In the future, we plan to implement several additional collection tools to enrich QOL and energy balance data associated with the MDA-CPSC. For QOL, a panel of validated, established tools will be used to measure cancer-related QOL (Functional Assessment of Cancer Therapy; FACT-G), depression symptoms (Centre for Epidemiologic Studies Depression Scale; CES-D) and perception of stress (Perceived Stress Scale; PSS). For nutritional profiling, the short NCI Diet Screener Questionnaire (DSQ, 26-item) will be deployed and more detailed anthropometry variables related to obesity prior to cancer diagnosis will be collected. Current physical activity assessments will be made using the short form of the International Physical Activity Questionnaire (IPAQ) 15 and the easy-to-administer Godin Leisure Time Activity Questionnaire. 16
A rapidly growing subset of the cohort participants has blood biospecimens available for research purposes through the BSRR. Launched in 2010, the BSRR leverages MD Anderson’s ‘front door consent policy’ that covers collection and banking of residual tissues and bodily fluids for future research purposes. Typically, about 95% of newly registered patients provide consent. Residual blood samples are held for 48 h by diagnostic laboratory services prior to release and delivery to the BSRR laboratory. A new protocol was activated in 2014 to collect fresh blood specimens for certain malignancies. This fresh blood is delivered to the BSRR within 2 h of collection. On receipt of all blood, the DNA and plasma are isolated, barcoded and banked. This resource creates an opportunity to link genetic and molecular profiles with the extensive patient data in the MDA-CPSC.
What has it found?
The MDA-CPSCis an excellent resource for discovery of risk factors, biomarkers and molecular signatures for prediction of clinical outcomes and survivorship endpoints.
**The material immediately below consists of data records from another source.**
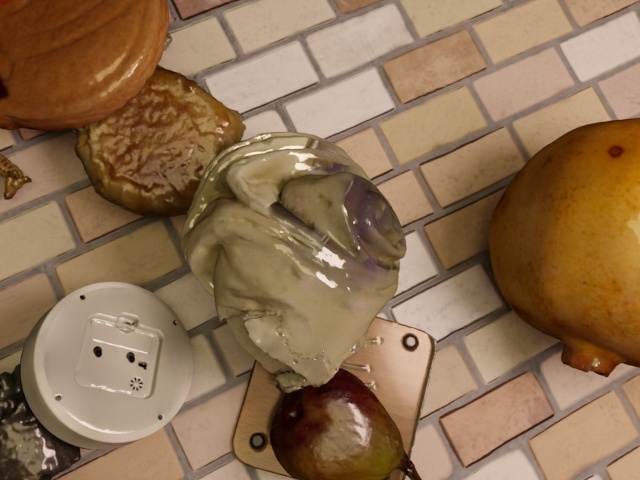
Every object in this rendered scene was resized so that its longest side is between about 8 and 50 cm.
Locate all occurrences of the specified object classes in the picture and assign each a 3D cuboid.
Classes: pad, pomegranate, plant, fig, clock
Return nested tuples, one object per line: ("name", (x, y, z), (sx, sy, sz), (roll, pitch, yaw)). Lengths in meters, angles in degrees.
("pad", (0.026, 0.251, 1.014), (0.286, 0.018, 0.284), (17, 78, -3))
("pomegranate", (0.462, 0.022, 0.942), (0.417, 0.416, 0.416), (1, 79, -8))
("plant", (-0.438, 0.265, 0.891), (0.132, 0.129, 0.194), (-35, 89, -15))
("fig", (0.061, 0.309, 0.936), (0.274, 0.145, 0.170), (34, 79, -12))
("clock", (-0.298, 0.175, 0.895), (0.230, 0.083, 0.230), (22, 53, -33))

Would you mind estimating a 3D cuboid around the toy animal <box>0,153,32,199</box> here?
("toy animal", (-0.591, -0.154, 0.988), (0.275, 0.054, 0.149), (9, 81, -7))

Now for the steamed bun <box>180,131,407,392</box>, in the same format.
("steamed bun", (0.000, 0.000, 0.884), (0.347, 0.237, 0.394), (7, 59, -40))

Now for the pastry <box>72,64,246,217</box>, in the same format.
("pastry", (-0.257, -0.150, 1.000), (0.257, 0.121, 0.235), (32, 81, -3))

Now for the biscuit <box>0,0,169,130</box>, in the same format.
("biscuit", (-0.399, -0.382, 0.983), (0.350, 0.078, 0.455), (-21, 68, 1))

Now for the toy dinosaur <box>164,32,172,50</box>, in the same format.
("toy dinosaur", (-0.385, -0.321, 1.033), (0.162, 0.077, 0.294), (44, 77, 5))
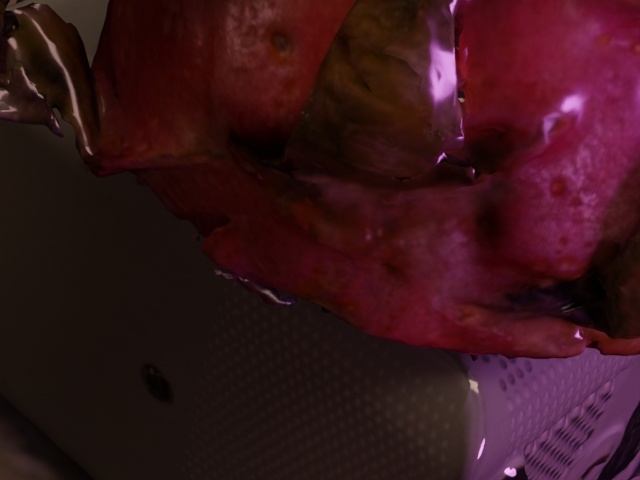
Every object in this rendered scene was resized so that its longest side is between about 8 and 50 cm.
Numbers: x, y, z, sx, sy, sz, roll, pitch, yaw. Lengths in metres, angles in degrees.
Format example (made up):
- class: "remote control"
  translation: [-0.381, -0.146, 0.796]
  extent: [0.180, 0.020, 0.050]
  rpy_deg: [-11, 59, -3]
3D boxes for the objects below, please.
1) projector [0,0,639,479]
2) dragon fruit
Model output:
- class: "projector"
  translation: [0.000, 0.000, 0.608]
  extent: [0.242, 0.163, 0.177]
  rpy_deg: [37, 44, 23]
- class: "dragon fruit"
  translation: [0.043, -0.076, 0.480]
  extent: [0.282, 0.147, 0.211]
  rpy_deg: [-2, 48, -25]
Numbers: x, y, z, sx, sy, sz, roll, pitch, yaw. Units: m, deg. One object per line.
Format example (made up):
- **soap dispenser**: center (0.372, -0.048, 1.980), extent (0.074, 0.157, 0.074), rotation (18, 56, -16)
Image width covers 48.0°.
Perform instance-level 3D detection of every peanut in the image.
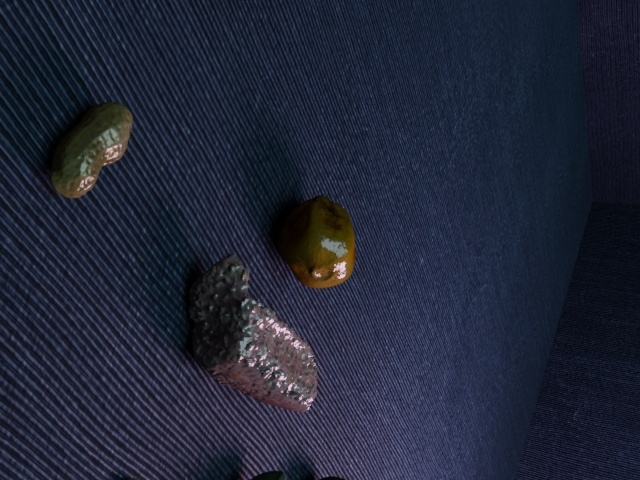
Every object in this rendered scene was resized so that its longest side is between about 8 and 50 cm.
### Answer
- **peanut**: center (-0.219, -0.088, 0.689), extent (0.113, 0.054, 0.054), rotation (-61, 144, -29)

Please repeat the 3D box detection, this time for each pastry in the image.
- **pastry**: center (-0.083, 0.143, 0.917), extent (0.112, 0.103, 0.265), rotation (-80, 149, -41)

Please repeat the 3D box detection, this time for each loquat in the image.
- **loquat**: center (0.000, 0.000, 1.028), extent (0.137, 0.113, 0.137), rotation (44, 37, -46)

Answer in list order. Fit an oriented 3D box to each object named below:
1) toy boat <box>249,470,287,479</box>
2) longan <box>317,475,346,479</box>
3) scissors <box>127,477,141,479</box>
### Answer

Among confirmed malignant diagnoses based on our Tumour Registry, the top 10 preponderant malignancies were breast, lung, prostate, skin, head and neck, colorectal, lymphoma, leukaemia, brain and nervous system, and pancreatic cancer ( Table 2 ). The cohort s currently being drawn upon to support several large next-generation sequencing projects to identify rare cancer susceptibility loci that confer risk in pancreatic, colorectal, head and neck, and ovarian cancers, as well as melanoma.
Data and biospecimens from the MDA-CPSC have been integrated into a number of multi-centre, collaborative analyses evaluating genetic variation in various malignancies through genome-wide association studies (GWAS), including for lung, kidney, bladder, oesophageal and testicular cancers. Several novel findings have also been uncovered for non-Hodgkin’s lymphoma through these collaborative efforts. For example, in diffuse large B-cell lymphoma, a meta-analysis of GWAS revealed five novel genetic variants in regions that encompassed credible candidate genes. 17 In follicular lymphoma, five novel non-human leukocyte antigen [HLA] susceptibility loci were identified as significant contributors to disease risk. 18 In the first GWAS of marginal-zone lymphoma, two independent risk loci in the HLA region were uncovered. 19
Through the PHDB, one of the detailed epidemiology variables collected is smoking. Among the participants, there were 11.23% current smokers, 39.62% former smokers, and 46.95% never smokers (2.56% records had unknown smoking status, patient left blank/no information collected). The availability of data on smoking behaviour among cancer patients since 1999 enabled an analysis of the trend of smoking prevalence over time. We observed that between 2000 and 2012, the percentage of never smokers increased from 46% to 57%, whereas the percentage of current smokers, recent quitters and former smokers decreased from 13% to 10%, 7% to 5% and 33% to 28%, respectively ( Figure 2 ). This analysis and similar approaches provide vital information that can be used to guide interventions among cancer patients and also cancer control recommendations. Furthermore, the depth of data available demonstrates the potential power of the MDA-CPSC for investigation of the role of smoking, as well as other epidemiology variables, in clinical outcomes.
Figure 2.
Temporal trend of smoking prevalence for MD Anderson patients.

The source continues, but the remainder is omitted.